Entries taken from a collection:
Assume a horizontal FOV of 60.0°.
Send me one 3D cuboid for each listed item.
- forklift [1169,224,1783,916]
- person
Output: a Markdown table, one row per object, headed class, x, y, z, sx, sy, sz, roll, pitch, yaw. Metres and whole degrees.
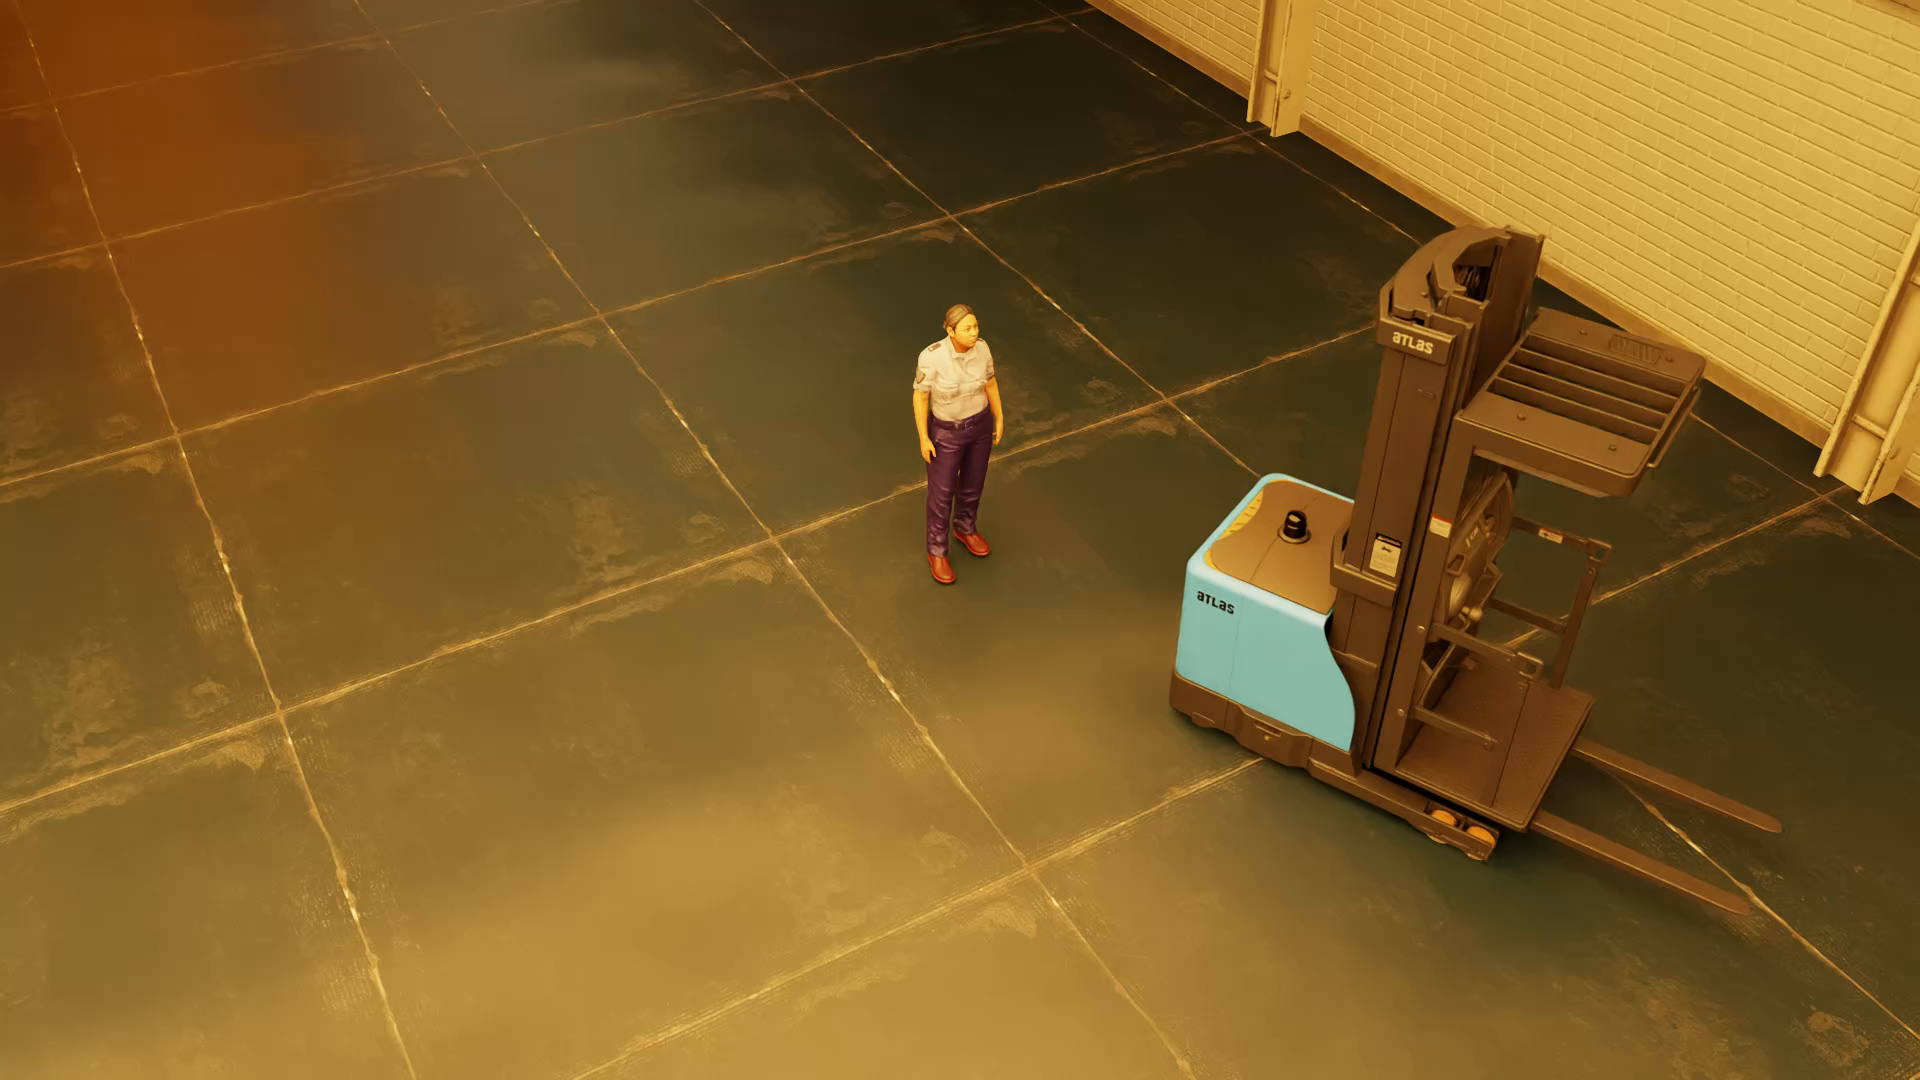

→ **WHAT IS NEEDED**
Restate word for word the lines from the line with "- forklift [1169,224,1783,916]" to the last line of the records above, inclusive, and omit every picture.

→ **OUTPUT OF THE EXERCISE**
- forklift [1169,224,1783,916]
- person
Output: a Markdown table, one row per object, headed class, x, y, z, sx, sy, sz, roll, pitch, yaw. Metres and whole degrees.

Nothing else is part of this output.